14 Mayıs seçimlerinde Ak Partinin oyları 2018 seçimlerine göre 7 puan gerilemiş olsa da, yüzde 42’den yüzde 35’e düşmüş olsa da, Ak Parti hala birinci parti ve Cumhur İttifakı olarak 322 milletvekili alarak meclis çoğunluğunu elde etti.

2018 Haziran seçimlerinde Cumhurbaşkanlığı Seçimlerini yüzde 52,59 oyla birinci turda kazanan Cumhurbaşkanı Erdoğan 14 Mayıs seçimlerinde 49,5 oy aldı. Bu sonuçlara göre Cumhurbaşkanı Erdoğan en yakın rakibine 5 puan fark atsa da 2018’e göre 3 puan oy kaybı yaşadı. Milletvekilliği seçimlerinde partisi 7 puan gerilerken Cumhurbaşkanı seçimlerinde Cumhurbaşkanı Erdoğan’da 3 puan gerilemiş oldu.

Bu gerilemeye rağmen esasen 21 yıllık iktidarın yıpranmışlığına ve bunca hayat pahalığına rağmen, adaletsizlik ve yolsuzluk tartışmalarına rağmen, hem Ak Partinin hem de Cumhurbaşkanın birinciliği almış olmasını kesin olarak bir seçim zaferi olarak görmek gerekiyor.

14 Mayıs seçimlerinin en belirleyici unsuru Milliyetçilik oldu. MHP ve İYİ Parti gibi kendilerini Milliyetçi parti olarak isimlendiren iki parti oyların yüzde 20’sini alırken, kendini muhafazakâr demokrat olarak nitelendiren ve oyların yüzde 35’ini alan Ak Parti’de en az onlar kadar milli bir söylem kullandı.

Ak Parti’nin  21 yıllık iktidarın yıpranmışlığını, ekonomik sorunların yıkıcılığını, hayat pahalılığı eleştirilerini milli bir söylemle etkisizleştirdiğini, söylemek mümkün.

Ak Partini iktidarının seçim başarısının en büyük nedenlerinin, devlet imkanlarından halka çeşitli vesilelerle yaptığı sosyal yardımlar, emekli ve memur maaşlarına, asgari ücrete yaptığı zamlar, EYT, duble yol, hızlı tren gibi hizmetler, savunma sanayindeki yerli üretimdeki artış, yerli arabanın yapımı ve tüm bunların reklamın iyi yapılması olarak görmek mümkün. Diğer yandan muhalefetin ciddi alternatif bir söylem geliştirememesini, yapılan vaadlarının inandırıcı olmamasını ve özellikle de HDP çıkmazını belirtmekte gerekiyor.

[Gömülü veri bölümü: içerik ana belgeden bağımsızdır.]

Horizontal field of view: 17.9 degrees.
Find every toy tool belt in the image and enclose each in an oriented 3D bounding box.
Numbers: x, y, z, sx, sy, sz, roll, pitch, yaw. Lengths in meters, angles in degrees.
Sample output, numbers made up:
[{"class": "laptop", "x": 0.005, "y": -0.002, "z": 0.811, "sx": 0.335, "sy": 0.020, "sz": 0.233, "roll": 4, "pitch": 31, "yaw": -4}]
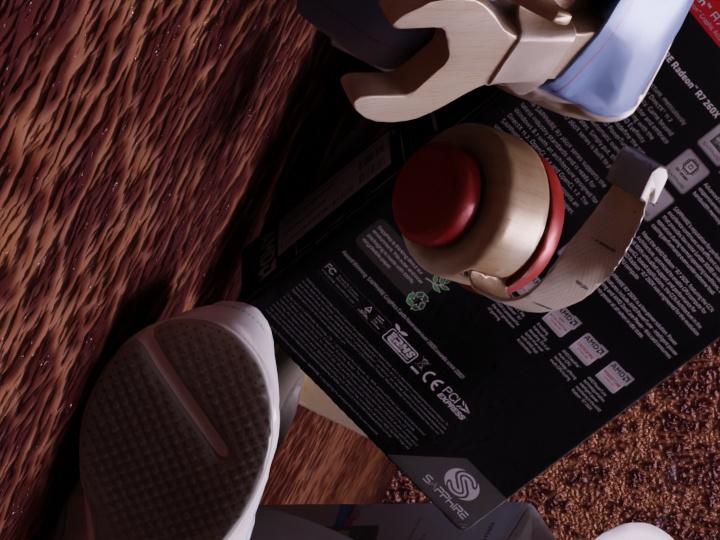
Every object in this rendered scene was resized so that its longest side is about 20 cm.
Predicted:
[{"class": "toy tool belt", "x": 0.034, "y": -0.096, "z": 0.633, "sx": 0.122, "sy": 0.125, "sz": 0.201, "roll": 15, "pitch": 105, "yaw": -42}]

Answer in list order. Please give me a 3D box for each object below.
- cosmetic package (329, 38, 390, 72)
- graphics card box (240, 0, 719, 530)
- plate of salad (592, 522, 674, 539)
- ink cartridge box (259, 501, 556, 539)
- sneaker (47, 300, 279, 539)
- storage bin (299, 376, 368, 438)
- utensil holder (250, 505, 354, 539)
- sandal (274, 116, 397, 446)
[{"class": "cosmetic package", "x": 0.058, "y": -0.152, "z": 0.800, "sx": 0.200, "sy": 0.050, "sz": 0.083, "roll": -58, "pitch": 174, "yaw": -43}, {"class": "graphics card box", "x": 0.070, "y": -0.015, "z": 0.789, "sx": 0.200, "sy": 0.125, "sz": 0.051, "roll": -40, "pitch": -158, "yaw": 14}, {"class": "plate of salad", "x": 0.090, "y": 0.201, "z": 0.923, "sx": 0.199, "sy": 0.048, "sz": 0.202, "roll": -13, "pitch": 106, "yaw": -56}, {"class": "ink cartridge box", "x": 0.018, "y": 0.182, "z": 1.039, "sx": 0.199, "sy": 0.148, "sz": 0.086, "roll": -8, "pitch": -140, "yaw": 41}, {"class": "sneaker", "x": -0.069, "y": 0.101, "z": 0.711, "sx": 0.080, "sy": 0.070, "sz": 0.202, "roll": -55, "pitch": 170, "yaw": -75}, {"class": "storage bin", "x": 0.055, "y": -0.022, "z": 1.211, "sx": 0.200, "sy": 0.093, "sz": 0.200, "roll": -65, "pitch": 174, "yaw": 19}, {"class": "utensil holder", "x": -0.054, "y": 0.214, "z": 0.891, "sx": 0.201, "sy": 0.169, "sz": 0.170, "roll": -66, "pitch": 174, "yaw": 15}, {"class": "sandal", "x": 0.000, "y": 0.000, "z": 0.882, "sx": 0.201, "sy": 0.054, "sz": 0.082, "roll": -66, "pitch": 174, "yaw": 30}]
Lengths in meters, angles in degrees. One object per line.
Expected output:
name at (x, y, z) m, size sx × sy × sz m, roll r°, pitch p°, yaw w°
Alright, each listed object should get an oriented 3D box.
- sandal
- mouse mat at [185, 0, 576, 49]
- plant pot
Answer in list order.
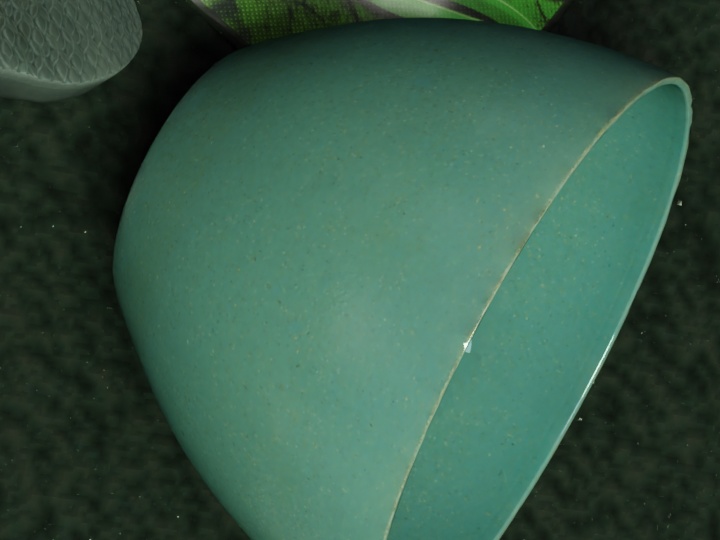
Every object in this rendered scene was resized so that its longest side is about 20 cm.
sandal at (-0.138, -0.079, 0.767) m, size 0.043 × 0.200 × 0.077 m, roll -22°, pitch 88°, yaw 33°
mouse mat at (-0.002, -0.147, 0.863) m, size 0.200 × 0.008 × 0.161 m, roll 41°, pitch 88°, yaw -20°
plant pot at (0.000, 0.000, 0.813) m, size 0.134 × 0.200 × 0.201 m, roll 28°, pitch 92°, yaw 16°
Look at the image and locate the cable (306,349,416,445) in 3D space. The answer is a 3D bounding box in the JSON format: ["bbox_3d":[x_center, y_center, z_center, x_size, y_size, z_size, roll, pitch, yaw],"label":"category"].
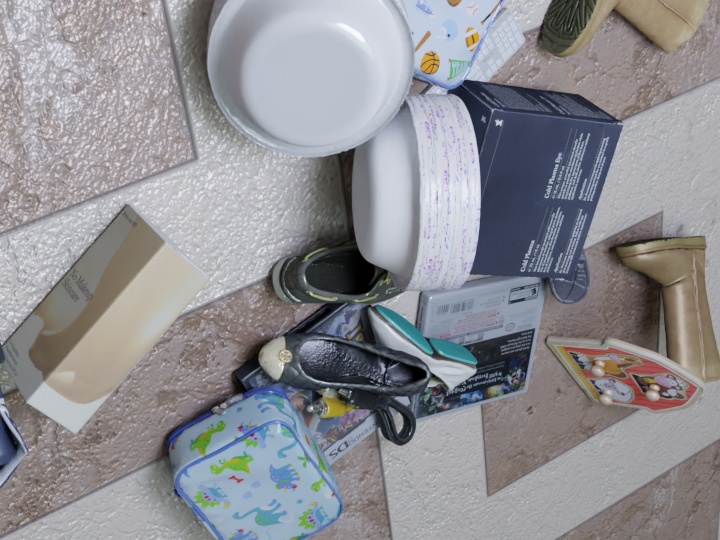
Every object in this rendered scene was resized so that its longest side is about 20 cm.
[{"bbox_3d":[0.009,0.148,1.399,0.199,0.050,0.098,33,76,-53],"label":"cable"}]

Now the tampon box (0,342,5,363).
[{"bbox_3d":[-0.423,0.026,0.966,0.198,0.150,0.128,-21,127,-26],"label":"tampon box"}]

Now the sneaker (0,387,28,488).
[{"bbox_3d":[-0.311,0.085,0.906,0.069,0.108,0.203,-16,127,-29],"label":"sneaker"}]

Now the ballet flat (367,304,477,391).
[{"bbox_3d":[0.066,0.103,1.394,0.199,0.069,0.070,27,97,-44],"label":"ballet flat"}]

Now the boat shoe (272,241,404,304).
[{"bbox_3d":[0.000,0.003,1.307,0.199,0.060,0.073,-6,89,-33],"label":"boat shoe"}]

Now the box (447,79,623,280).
[{"bbox_3d":[0.177,-0.103,1.338,0.179,0.104,0.203,2,116,-27],"label":"box"}]

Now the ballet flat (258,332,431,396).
[{"bbox_3d":[-0.016,0.102,1.300,0.196,0.057,0.068,7,73,-10],"label":"ballet flat"}]

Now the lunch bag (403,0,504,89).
[{"bbox_3d":[0.059,-0.287,1.196,0.198,0.075,0.162,18,100,-40],"label":"lunch bag"}]

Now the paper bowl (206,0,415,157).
[{"bbox_3d":[-0.047,-0.199,1.095,0.197,0.105,0.203,-3,127,-4],"label":"paper bowl"}]

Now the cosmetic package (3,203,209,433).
[{"bbox_3d":[-0.252,0.045,1.133,0.201,0.105,0.071,-50,132,-4],"label":"cosmetic package"}]

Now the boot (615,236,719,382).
[{"bbox_3d":[0.429,0.057,1.590,0.173,0.066,0.204,-4,89,-33],"label":"boot"}]

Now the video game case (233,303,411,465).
[{"bbox_3d":[-0.039,0.142,1.390,0.180,0.025,0.202,-35,130,-15],"label":"video game case"}]

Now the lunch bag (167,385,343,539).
[{"bbox_3d":[-0.122,0.236,1.328,0.159,0.083,0.201,-28,129,3],"label":"lunch bag"}]

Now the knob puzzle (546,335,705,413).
[{"bbox_3d":[0.371,0.154,1.581,0.220,0.217,0.031,48,57,-41],"label":"knob puzzle"}]

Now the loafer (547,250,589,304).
[{"bbox_3d":[0.254,-0.059,1.479,0.071,0.063,0.203,-8,113,1],"label":"loafer"}]

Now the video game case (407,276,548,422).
[{"bbox_3d":[0.151,0.095,1.505,0.197,0.023,0.185,-10,119,-32],"label":"video game case"}]

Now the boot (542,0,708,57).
[{"bbox_3d":[0.323,-0.304,1.383,0.198,0.066,0.177,20,102,-42],"label":"boot"}]

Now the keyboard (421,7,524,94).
[{"bbox_3d":[0.111,-0.210,1.316,0.200,0.011,0.056,-46,132,-6],"label":"keyboard"}]

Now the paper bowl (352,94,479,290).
[{"bbox_3d":[0.051,-0.081,1.205,0.102,0.201,0.204,-1,117,-9],"label":"paper bowl"}]
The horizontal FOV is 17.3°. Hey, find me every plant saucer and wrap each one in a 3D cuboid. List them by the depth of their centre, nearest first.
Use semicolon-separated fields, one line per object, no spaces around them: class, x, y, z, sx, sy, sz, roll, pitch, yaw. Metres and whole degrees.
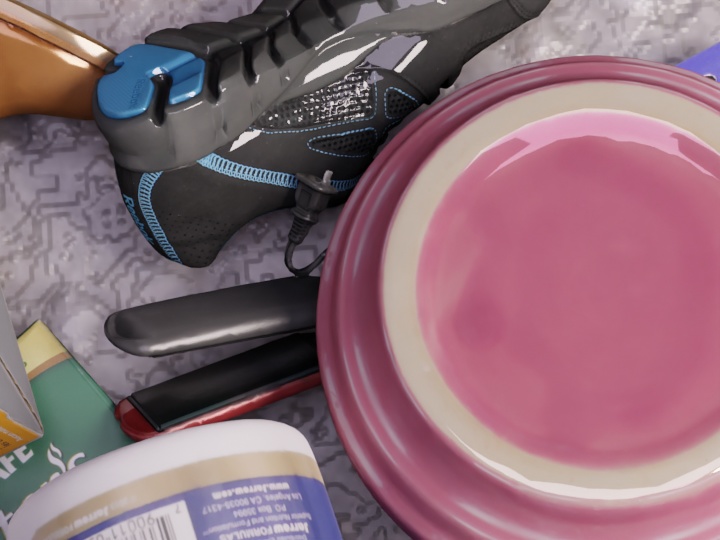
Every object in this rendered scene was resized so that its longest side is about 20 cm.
plant saucer;0.083;0.013;0.814;0.199;0.051;0.202;-1;71;3

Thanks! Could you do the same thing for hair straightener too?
hair straightener;0.000;0.000;0.868;0.199;0.041;0.078;-15;117;-17

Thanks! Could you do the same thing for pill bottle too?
pill bottle;-0.039;0.161;0.774;0.110;0.111;0.201;-18;71;-4

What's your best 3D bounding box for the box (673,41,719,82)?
box;0.167;0.009;0.871;0.119;0.042;0.201;-27;68;-22

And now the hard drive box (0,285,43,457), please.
hard drive box;-0.234;0.046;0.799;0.199;0.156;0.077;-26;65;12

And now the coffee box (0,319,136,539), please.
coffee box;-0.099;0.132;0.871;0.123;0.044;0.200;-39;83;-6

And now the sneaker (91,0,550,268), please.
sneaker;-0.009;-0.074;0.902;0.199;0.082;0.073;-26;39;-19

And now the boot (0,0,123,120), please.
boot;-0.188;-0.035;0.892;0.198;0.074;0.156;11;88;0

Ak Parti 21 yılı bulan iktidarı sonucunda halkın değerleri ve inancı ile laik devleti barıştırmış, Ancak bu barışmadan laikliği eleştiren İslami hayat nizamını insanlığın kurtuluş reçetesi olarak sunan İslami düşünce değil laik devlet anlayışı daha kazançlı çıkmıştır.

Bu barışma sonrasında başörtüsü yasağı kalkmış, dindar kitle devlet tarafından bir tehlike olarak görülmekten kurtulmuş, Ayasofya ibadete açılmış, Kuran kursu ve İmam Hatip lisesi sayıları artmıştır. Ancak tüm bunlar ülkede İslamcılığın ve dindarlığın artmasını sağlamamış daha çok dindar kitlelerin devletçileşmesiyle, milliyetçileşmesiyle ve laikleşmesiyle sonuçlanmıştır.

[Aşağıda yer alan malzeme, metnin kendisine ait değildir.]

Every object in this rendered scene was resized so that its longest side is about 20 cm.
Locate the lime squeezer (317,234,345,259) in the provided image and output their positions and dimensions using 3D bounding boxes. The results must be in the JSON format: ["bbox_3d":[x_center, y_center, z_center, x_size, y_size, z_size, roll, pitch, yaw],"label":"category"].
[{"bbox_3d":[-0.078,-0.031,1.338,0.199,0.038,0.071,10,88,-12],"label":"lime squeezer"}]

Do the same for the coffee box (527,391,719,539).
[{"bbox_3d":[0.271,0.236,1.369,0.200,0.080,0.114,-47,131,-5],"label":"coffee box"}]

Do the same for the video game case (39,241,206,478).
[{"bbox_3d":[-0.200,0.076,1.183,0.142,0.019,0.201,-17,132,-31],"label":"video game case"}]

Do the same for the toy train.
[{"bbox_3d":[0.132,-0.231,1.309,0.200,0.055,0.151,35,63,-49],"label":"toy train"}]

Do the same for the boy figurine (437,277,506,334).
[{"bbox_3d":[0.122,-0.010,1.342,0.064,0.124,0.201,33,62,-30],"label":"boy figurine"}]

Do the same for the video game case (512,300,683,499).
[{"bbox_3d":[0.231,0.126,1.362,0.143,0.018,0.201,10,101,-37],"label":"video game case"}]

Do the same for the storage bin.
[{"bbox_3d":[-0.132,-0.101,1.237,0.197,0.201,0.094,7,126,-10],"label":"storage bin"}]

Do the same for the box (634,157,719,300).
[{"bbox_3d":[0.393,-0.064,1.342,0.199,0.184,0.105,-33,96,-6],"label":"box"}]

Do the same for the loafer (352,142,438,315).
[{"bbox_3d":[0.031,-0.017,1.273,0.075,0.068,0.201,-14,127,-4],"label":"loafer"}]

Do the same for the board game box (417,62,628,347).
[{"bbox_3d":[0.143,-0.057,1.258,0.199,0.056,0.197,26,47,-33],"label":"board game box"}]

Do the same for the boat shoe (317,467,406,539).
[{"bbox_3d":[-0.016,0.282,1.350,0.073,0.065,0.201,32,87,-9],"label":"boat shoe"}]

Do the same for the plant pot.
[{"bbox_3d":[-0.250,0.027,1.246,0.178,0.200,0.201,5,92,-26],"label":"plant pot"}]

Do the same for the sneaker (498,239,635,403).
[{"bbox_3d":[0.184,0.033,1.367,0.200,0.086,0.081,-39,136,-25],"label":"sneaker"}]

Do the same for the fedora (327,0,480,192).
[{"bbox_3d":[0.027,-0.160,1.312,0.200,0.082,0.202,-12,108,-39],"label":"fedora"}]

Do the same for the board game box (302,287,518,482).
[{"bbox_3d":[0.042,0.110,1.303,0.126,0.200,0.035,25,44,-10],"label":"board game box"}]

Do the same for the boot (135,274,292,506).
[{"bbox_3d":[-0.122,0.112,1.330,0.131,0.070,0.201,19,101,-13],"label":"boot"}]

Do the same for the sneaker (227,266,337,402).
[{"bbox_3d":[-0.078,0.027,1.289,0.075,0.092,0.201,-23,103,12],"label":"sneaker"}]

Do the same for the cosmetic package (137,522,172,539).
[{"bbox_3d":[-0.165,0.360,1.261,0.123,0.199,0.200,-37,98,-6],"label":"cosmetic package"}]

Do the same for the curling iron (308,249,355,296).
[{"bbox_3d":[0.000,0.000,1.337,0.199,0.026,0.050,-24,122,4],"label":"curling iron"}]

İmam Ali “Devletin dini adalettir” der. Bir devleti Allah’ın rızasına uygun kılan değer adalettir. 21 yıllık iktidarın sonunda Ak Parti iktidarının en başarısız olduğu alanlardan biri toplumda ekonomik ve hukuki adaletin sağlanamamasıdır.

Ak Parti döneminde özellikle 2011 yılından sonra adalet tartışmaları artarak devam etmiştir. 21 yıldır iktidarda olan bir parti, 21 yılın sonunda ekonomik ve hukuki adaleti gerçekleştirecek bir sistem geliştirememişse, yolsuzlukları engelleyecek bir sistem oturtamamışsa, bu iktidar başarısız olmuş demektir.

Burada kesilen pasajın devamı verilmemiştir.